Reputation: 462
I have developed a site in PHP which uses WordPress to provide news article content. Both my application and WordPress code bases sit on the same physical box.
The application uses the WordPress loop to pull content from the WordPress back-end and display it within my application.
The content editors for the site require access to the Wordpress back-end to add, edit and remove content as required. WordPress is currently accessible via a sub-domain i.e blog.mydomain.com. However, I do not want to expose WordPress publicly as it is currently, firstly because I want WordPress to behave transparently and secondly I do not want to get penalized for duplicate content when ranking for SEO.

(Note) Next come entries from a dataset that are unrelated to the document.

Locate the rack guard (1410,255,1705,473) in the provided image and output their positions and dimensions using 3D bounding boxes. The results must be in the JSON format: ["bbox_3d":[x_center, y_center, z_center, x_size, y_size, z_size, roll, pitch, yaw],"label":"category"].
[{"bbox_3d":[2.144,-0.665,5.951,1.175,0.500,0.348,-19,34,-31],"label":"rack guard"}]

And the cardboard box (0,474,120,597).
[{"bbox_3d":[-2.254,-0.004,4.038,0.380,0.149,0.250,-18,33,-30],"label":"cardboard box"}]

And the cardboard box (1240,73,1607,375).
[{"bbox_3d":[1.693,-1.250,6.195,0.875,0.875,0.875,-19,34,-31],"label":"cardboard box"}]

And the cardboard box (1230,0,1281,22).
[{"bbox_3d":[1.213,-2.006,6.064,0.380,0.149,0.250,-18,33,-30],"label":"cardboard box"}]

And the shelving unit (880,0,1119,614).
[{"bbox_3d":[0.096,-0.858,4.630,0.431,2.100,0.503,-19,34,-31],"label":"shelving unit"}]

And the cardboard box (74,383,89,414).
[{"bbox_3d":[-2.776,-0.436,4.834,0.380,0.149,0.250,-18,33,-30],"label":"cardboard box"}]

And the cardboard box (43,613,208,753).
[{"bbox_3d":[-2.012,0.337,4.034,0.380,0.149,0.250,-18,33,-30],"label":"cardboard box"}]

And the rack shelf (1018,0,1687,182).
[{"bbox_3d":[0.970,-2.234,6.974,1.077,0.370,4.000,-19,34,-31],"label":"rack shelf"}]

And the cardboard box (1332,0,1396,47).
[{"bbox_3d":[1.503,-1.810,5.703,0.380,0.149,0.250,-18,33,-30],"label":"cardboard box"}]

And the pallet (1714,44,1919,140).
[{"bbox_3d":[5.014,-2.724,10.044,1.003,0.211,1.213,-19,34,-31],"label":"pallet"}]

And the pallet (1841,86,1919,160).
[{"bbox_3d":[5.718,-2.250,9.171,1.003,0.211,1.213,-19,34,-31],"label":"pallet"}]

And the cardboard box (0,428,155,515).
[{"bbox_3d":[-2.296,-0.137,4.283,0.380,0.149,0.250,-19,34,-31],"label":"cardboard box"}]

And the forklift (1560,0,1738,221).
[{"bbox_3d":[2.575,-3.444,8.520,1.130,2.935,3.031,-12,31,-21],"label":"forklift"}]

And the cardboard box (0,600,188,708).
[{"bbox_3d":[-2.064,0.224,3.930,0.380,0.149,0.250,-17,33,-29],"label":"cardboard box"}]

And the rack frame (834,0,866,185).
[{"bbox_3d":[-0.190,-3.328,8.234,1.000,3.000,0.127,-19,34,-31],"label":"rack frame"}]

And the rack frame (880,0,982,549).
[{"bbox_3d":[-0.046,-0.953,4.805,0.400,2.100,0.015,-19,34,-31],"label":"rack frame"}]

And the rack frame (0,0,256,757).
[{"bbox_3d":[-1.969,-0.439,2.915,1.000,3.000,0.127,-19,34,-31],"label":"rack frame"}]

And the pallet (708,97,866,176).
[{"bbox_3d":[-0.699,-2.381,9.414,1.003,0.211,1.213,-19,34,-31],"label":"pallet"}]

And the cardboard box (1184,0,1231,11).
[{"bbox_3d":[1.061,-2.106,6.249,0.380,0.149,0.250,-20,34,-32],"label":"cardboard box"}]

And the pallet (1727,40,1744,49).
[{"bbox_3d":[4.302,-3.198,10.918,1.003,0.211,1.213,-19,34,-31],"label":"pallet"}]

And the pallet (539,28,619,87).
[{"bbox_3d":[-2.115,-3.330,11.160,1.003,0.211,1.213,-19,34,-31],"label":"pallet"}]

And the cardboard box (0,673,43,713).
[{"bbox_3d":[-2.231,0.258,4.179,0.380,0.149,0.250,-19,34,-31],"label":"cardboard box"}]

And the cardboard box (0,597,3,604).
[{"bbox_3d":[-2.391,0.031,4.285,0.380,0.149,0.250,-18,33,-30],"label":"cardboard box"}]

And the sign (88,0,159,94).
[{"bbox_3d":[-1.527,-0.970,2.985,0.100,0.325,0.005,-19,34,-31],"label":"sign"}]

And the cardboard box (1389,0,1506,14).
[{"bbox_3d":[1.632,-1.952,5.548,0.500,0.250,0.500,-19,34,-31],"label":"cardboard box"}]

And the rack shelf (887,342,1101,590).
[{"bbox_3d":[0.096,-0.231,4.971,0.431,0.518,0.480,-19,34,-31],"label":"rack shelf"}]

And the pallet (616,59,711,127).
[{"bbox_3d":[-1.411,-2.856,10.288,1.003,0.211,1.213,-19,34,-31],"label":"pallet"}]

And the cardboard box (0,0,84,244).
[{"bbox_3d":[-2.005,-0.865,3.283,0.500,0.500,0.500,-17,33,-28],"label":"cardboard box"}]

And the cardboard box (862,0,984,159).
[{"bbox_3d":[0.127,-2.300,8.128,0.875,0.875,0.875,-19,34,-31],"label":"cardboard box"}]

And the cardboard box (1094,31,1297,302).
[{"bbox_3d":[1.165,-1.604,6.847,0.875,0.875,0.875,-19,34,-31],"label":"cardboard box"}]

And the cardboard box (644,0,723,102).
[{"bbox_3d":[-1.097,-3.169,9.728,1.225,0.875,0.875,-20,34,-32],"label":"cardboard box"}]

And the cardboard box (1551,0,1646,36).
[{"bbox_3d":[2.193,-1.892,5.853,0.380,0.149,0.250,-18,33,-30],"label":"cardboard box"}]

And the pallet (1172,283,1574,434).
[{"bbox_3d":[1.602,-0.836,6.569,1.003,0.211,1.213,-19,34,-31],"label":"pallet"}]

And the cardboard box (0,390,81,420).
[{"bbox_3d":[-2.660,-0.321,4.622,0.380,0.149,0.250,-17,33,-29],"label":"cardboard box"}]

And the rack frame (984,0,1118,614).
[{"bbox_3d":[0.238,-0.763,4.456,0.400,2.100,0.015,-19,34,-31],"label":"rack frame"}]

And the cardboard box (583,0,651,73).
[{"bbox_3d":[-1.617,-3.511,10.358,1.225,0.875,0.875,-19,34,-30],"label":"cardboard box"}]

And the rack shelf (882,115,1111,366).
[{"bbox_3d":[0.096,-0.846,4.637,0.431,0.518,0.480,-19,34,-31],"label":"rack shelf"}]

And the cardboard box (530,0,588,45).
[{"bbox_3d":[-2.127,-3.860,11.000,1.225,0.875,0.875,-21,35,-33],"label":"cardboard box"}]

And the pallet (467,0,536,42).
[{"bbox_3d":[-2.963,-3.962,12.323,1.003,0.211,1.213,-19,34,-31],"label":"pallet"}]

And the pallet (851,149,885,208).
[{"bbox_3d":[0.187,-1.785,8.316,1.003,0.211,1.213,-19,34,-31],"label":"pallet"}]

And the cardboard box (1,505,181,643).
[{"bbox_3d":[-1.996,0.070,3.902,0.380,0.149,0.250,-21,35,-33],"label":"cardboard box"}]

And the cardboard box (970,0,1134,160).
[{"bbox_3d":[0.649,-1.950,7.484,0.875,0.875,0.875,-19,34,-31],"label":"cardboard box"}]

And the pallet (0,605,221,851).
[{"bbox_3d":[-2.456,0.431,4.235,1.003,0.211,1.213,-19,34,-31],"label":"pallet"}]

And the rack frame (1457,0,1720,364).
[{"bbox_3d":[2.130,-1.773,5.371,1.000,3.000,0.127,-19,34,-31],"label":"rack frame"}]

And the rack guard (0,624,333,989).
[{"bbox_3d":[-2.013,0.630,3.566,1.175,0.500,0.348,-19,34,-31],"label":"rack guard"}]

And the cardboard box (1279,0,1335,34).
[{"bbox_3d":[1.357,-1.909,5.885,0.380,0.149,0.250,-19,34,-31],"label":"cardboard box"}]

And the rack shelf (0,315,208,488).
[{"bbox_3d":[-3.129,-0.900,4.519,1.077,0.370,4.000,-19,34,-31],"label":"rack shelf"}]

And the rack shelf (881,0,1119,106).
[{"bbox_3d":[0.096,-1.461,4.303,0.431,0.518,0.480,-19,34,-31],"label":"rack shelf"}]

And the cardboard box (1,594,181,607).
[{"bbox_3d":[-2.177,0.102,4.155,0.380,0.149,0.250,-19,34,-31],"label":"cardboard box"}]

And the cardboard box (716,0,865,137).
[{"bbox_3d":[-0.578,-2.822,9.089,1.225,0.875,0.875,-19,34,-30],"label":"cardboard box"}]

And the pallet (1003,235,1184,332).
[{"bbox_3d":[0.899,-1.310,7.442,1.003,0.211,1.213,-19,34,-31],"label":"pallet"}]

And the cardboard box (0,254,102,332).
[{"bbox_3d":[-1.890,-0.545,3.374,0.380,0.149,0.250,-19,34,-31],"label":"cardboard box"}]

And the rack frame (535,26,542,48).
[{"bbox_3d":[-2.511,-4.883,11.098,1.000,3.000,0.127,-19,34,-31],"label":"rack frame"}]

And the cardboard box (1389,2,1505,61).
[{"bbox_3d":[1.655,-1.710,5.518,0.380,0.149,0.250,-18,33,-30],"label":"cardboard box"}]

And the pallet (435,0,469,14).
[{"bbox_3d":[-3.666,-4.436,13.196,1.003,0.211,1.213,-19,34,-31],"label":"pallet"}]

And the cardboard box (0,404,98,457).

The obvious solution would be to lock down access based on the visitors I.P address, but this is not practical given that the content editors can (and do) access the site from anywhere and not a fixed set of I.P's.
Another solution would be for the content editor to submit a secret parameter in the query string to identify themselves as an administrator i.e &wpadmin=true. However this doesn't seem ideal either.
Is there some other way I could consider architecting the site, or provide some other more suitable access control mechanism for WordPress?
Upvotes: 0
Views: 192
Reputation: 449613
Have you considered simply slapping a htaccess password dialog into WP's root directory? That's close it to the world, and still make it available to who has the right login info.
The only downside would be that your editors would have to log in twice, but the web server login credentials can be easily stored in the browser.